Onde está o valor do mundo?

Na esteira dos últimos acontecimentos políticos, fala-se agora em linguagem apocalíptica (ou pós): “o fim do Brasil”? Quer-se dizer que a economia irá entrar numa crise severa. A falta de informação generalizada do público comum (aqueles que se assustam com a grita do ‘Chicken Little’ e compartilham toda sorte de informações sem origem nem destino certo) explica porque a conta recai comumente no “governo”, esta entidade metapsíquica que incorpora-se na figura da atual e recém-reeleita presidenta. As pessoas ignoram fatos básicos sobre a economia de mercado, seus vícios e seus desvios. A cantilena já há muito ultrapassada de “auto-regulação” do mercado é repetida ad nauseam, sem que nem mesmo seus proponentes saibam enxergar 1 milímetro além de seu verniz fosco e falhado. Pois bem, para quem quiser um esclarecimento a mais sobre alguns dos mecanismos básicos da economia de mercado, posto o link para um texto do pensador Ladislau Dowbor, cujas idéias são permeadas pelo enfoque sistêmico e pela busca da sustentabilidade. Como ele mostra com facilidade, o atual capitalismo de mercado pode ser o que quiser, menos sustentável.

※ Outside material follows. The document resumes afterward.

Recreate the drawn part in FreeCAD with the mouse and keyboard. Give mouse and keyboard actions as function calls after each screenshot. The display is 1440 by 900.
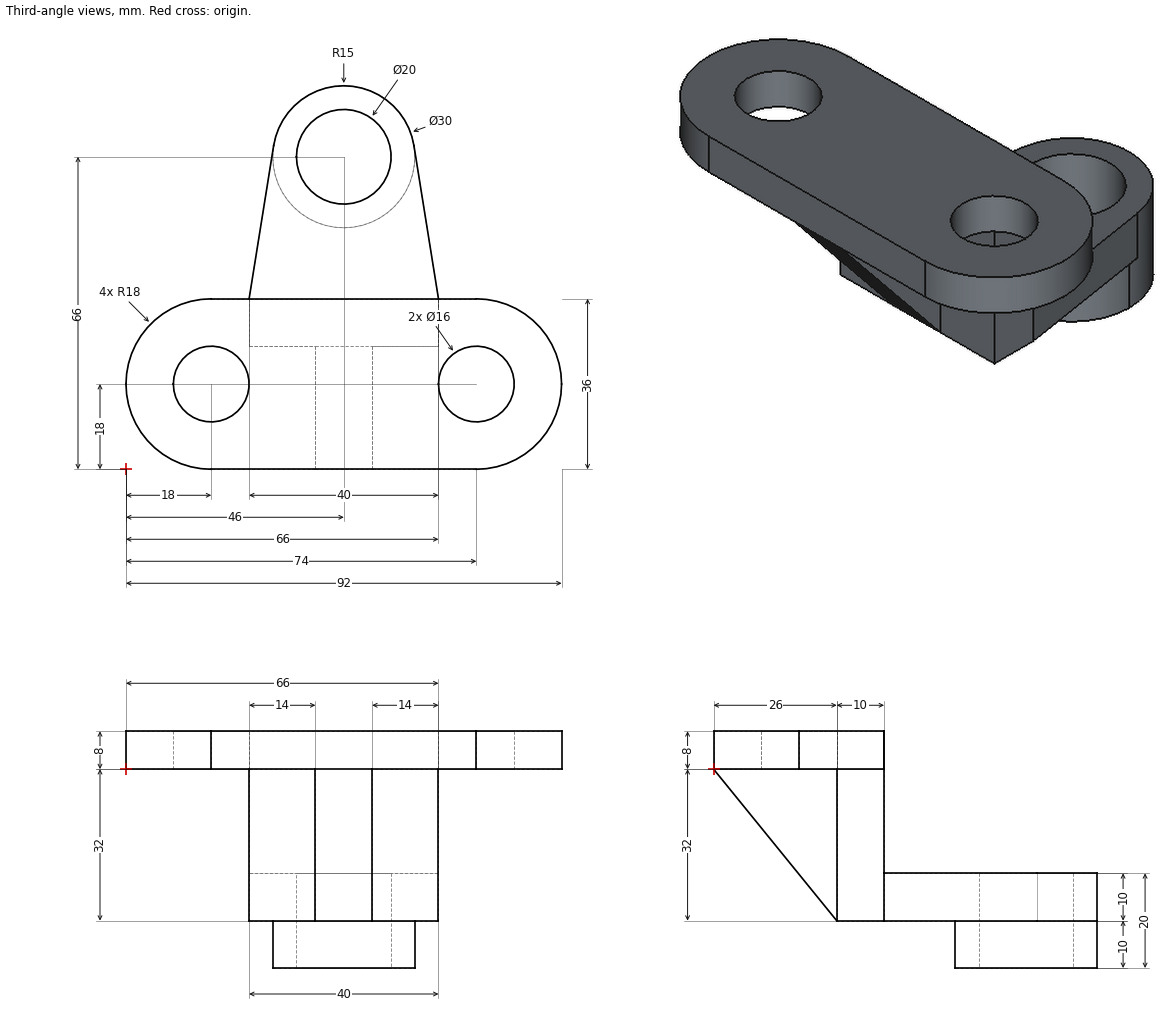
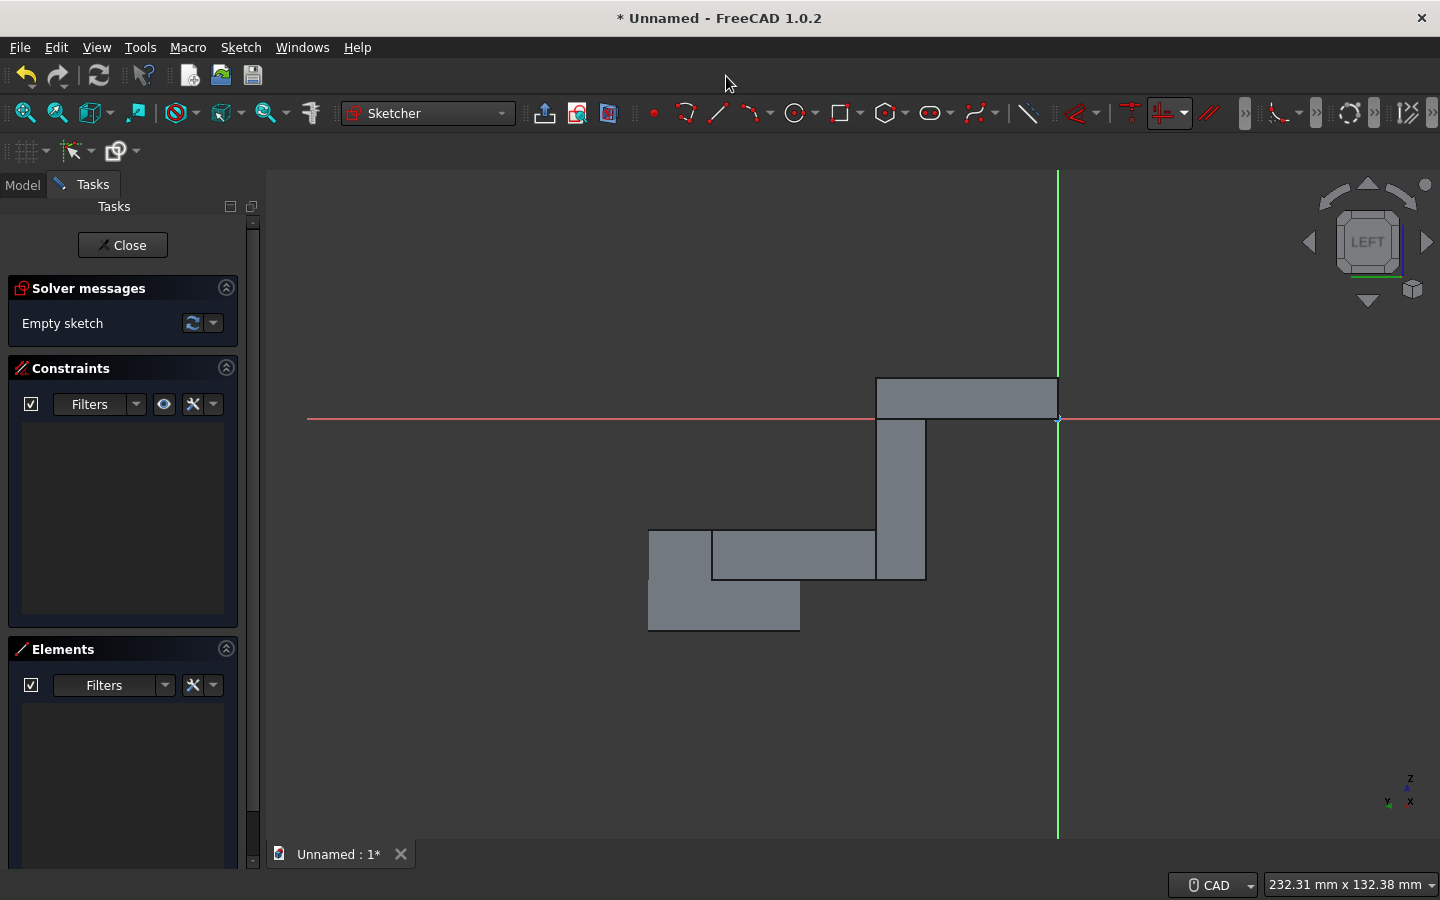
click(610, 114)

Basta falar sobre o fato de que cerca de uma centena e meia de empresas, na maioria financeiras, controlam a maior parte do dinheiro em “circulação” do planeta. A palavra “circulação” precisa vir entre aspas pois o texto nos revela, ainda, a partir de uma reportagem da The Economist, que 1/3 do capital do planeta está “represado” em paraísos fiscais, cerca de 20 trilhões de dólares. Este montante não está participando de um “mercado livre” e, logo, não pode ser subscrito à nenhuma forma de “auto-regulação”, mas tão-somente à especulação pura e simples. Podemos concluir com facilidade que os interesses de um grupo bem restrito controlam a maior parte dos bens (do valor) do mundo. Então, onde está o valor do mundo? Segundo nos esclarece Dowbor, ele está “sequestrado”, alienado da humanidade que, efetivamente, produz esta riqueza. Ou seja, para todos os fins, de uma forma global, o sistema capitalista “abduz” de um terço a metade de tudo que produzimos, que fica sobre o controle de um pequeno grupo de indivíduos que, efetivamente, se apropria disso. Tal fato é vários graus de magnitude mais importante e profundo que o antigo conceito de “mais-valia” de Marx. Trata-se de uma verdadeira “super-valia”. Uma concentração de valor efetivo desta magnitude num sistema como o atual, defende Dowbor, dificilmente é compatível com a sustentabilidade que será necessária para assegurar o futuro da humanidade.

O remédio sugerido por Dowbor não é nenhuma revolução, ele não tem idéias reformadoras nem revolucionárias. Ele prescreve que o próprio corpo produtivo da economia, o empresariado, além dos governos, em sua função regulatória, “resgatem” o montante de recursos aprisionados à margem do corpus da economia de mercado. O método que ele advoga é um intervencionismo seletivo, “racionalizando” as cargas de juros e tributária, de forma a romper o ciclo vicioso especulativo e anti-produtivo. As idéias de Dowbor alimentam-se dos estudos investigativos do economista James S. Henry, do jornalista Joshua Schneyaer e da especialista em redes Stefania Vitali para nos dar um panorama da profunda “distorção sistêmica”, como ele chama, da economia global. Num mundo globalizado em crise, concluo, somente nos resta uma alternativa como espécie: evoluir e adaptar-mo-nos (isso vai necessariamente significar alterar profundamente a economia de mercado capitalista) ou fenecer.